- [TASK TO COMPLETE] Among the lines below, take the one holding "text 1. in een", the one holding "text Algemene Rekenkamer", and all lines between them. Set them down exactly.

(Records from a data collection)
┄┄┄┄┄┄
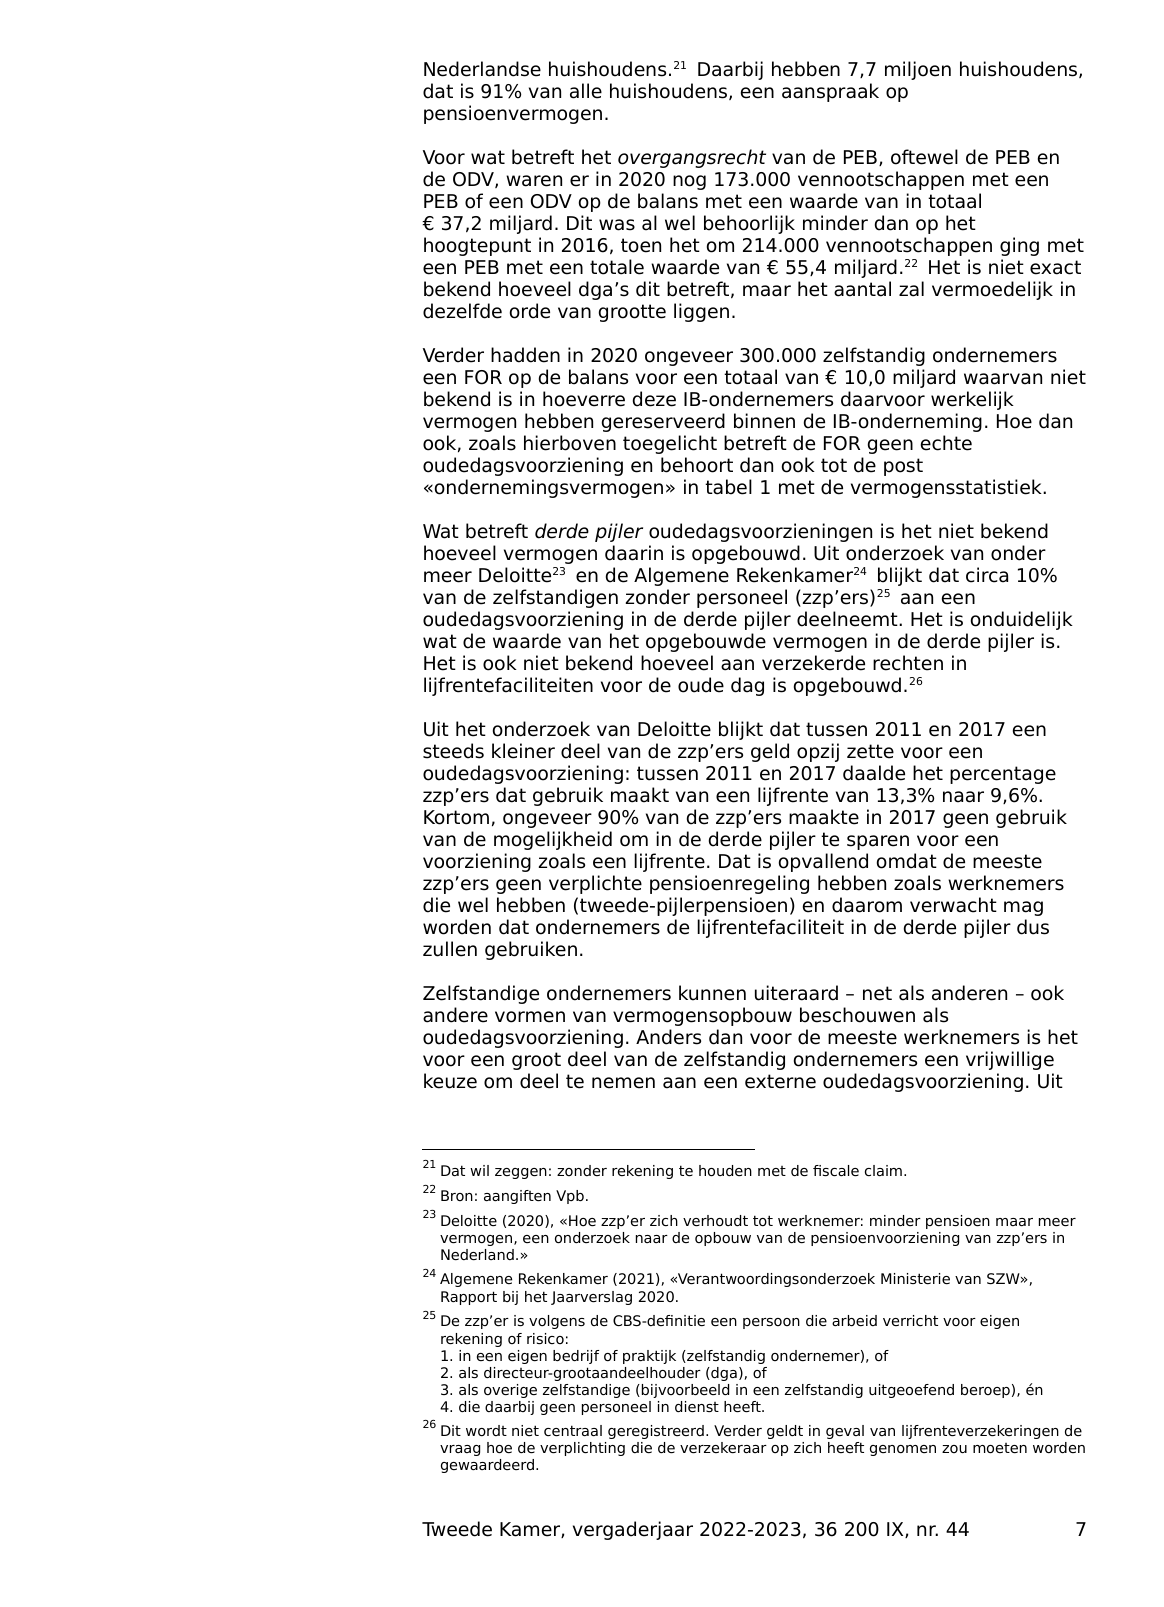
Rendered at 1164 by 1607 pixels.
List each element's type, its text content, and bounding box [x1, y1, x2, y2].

text Deloitte (2020), «Hoe zzp’er zich verhoudt tot werknemer: minder pensioen maar meer vermogen, een onderzoek naar de opbouw van de pensioenvoorziening van zzp’ers in Nederland.» [422, 1208, 1087, 1264]
text Zelfstandige ondernemers kunnen uiteraard – net als anderen – ook andere vormen van vermogensopbouw beschouwen als oudedagsvoorziening. Anders dan voor de meeste werknemers is het voor een groot deel van de zelfstandig ondernemers een vrijwillige keuze om deel te nemen aan een externe oudedagsvoorziening. Uit [422, 983, 1087, 1093]
text Verder hadden in 2020 ongeveer 300.000 zelfstandig ondernemers een FOR op de balans voor een totaal van € 10,0 miljard waarvan niet bekend is in hoeverre deze IB-ondernemers daarvoor werkelijk vermogen hebben gereserveerd binnen de IB-onderneming. Hoe dan ook, zoals hierboven toegelicht betreft de FOR geen echte oudedagsvoorziening en behoort dan ook tot de post «ondernemingsvermogen» in tabel 1 met de vermogensstatistiek. [422, 345, 1087, 499]
text Dit wordt niet centraal geregistreerd. Verder geldt in geval van lijfrenteverzekeringen de vraag hoe de verplichting die de verzekeraar op zich heeft genomen zou moeten worden gewaardeerd. [422, 1418, 1087, 1474]
text 1. in een eigen bedrijf of praktijk (zelfstandig ondernemer), of [440, 1348, 1087, 1365]
text Bron: aangiften Vpb. [422, 1183, 1087, 1206]
text Algemene Rekenkamer (2021), «Verantwoordingsonderzoek Ministerie van SZW», Rapport bij het Jaarverslag 2020. [422, 1267, 1087, 1306]
text Dat wil zeggen: zonder rekening te houden met de fiscale claim. [422, 1158, 1087, 1181]
text 4. die daarbij geen personeel in dienst heeft. [440, 1399, 1087, 1416]
text Uit het onderzoek van Deloitte blijkt dat tussen 2011 en 2017 een steeds kleiner deel van de zzp’ers geld opzij zette voor een oudedagsvoorziening: tussen 2011 en 2017 daalde het percentage zzp’ers dat gebruik maakt van een lijfrente van 13,3% naar 9,6%. Kortom, ongeveer 90% van de zzp’ers maakte in 2017 geen gebruik van de mogelijkheid om in de derde pijler te sparen voor een voorziening zoals een lijfrente. Dat is opvallend omdat de meeste zzp’ers geen verplichte pensioenregeling hebben zoals werknemers die wel hebben (tweede-pijlerpensioen) en daarom verwacht mag worden dat ondernemers de lijfrentefaciliteit in de derde pijler dus zullen gebruiken. [422, 719, 1087, 961]
text Nederlandse huishoudens. Daarbij hebben 7,7 miljoen huishoudens, dat is 91% van alle huishoudens, een aanspraak op pensioenvermogen. [422, 59, 1087, 125]
text 3. als overige zelfstandige (bijvoorbeeld in een zelfstandig uitgeoefend beroep), én [440, 1382, 1087, 1399]
text Voor wat betreft het overgangsrecht van de PEB, oftewel de PEB en de ODV, waren er in 2020 nog 173.000 vennootschappen met een PEB of een ODV op de balans met een waarde van in totaal € 37,2 miljard. Dit was al wel behoorlijk minder dan op het hoogtepunt in 2016, toen het om 214.000 vennootschappen ging met een PEB met een totale waarde van € 55,4 miljard. Het is niet exact bekend hoeveel dga’s dit betreft, maar het aantal zal vermoedelijk in dezelfde orde van grootte liggen. [422, 147, 1087, 323]
text Wat betreft derde pijler oudedagsvoorzieningen is het niet bekend hoeveel vermogen daarin is opgebouwd. Uit onderzoek van onder meer Deloitte en de Algemene Rekenkamer blijkt dat circa 10% van de zelfstandigen zonder personeel (zzp’ers) aan een oudedagsvoorziening in de derde pijler deelneemt. Het is onduidelijk wat de waarde van het opgebouwde vermogen in de derde pijler is. Het is ook niet bekend hoeveel aan verzekerde rechten in lijfrentefaciliteiten voor de oude dag is opgebouwd. [422, 521, 1087, 697]
text 2. als directeur-grootaandeelhouder (dga), of [440, 1365, 1087, 1382]
text De zzp’er is volgens de CBS-definitie een persoon die arbeid verricht voor eigen rekening of risico: [422, 1309, 1087, 1348]
┄┄┄┄┄┄
- [RESPONSE TO THE EXERCISE]
text 1. in een eigen bedrijf of praktijk (zelfstandig ondernemer), of [440, 1348, 1087, 1365]
text Bron: aangiften Vpb. [422, 1183, 1087, 1206]
text Algemene Rekenkamer (2021), «Verantwoordingsonderzoek Ministerie van SZW», Rapport bij het Jaarverslag 2020. [422, 1267, 1087, 1306]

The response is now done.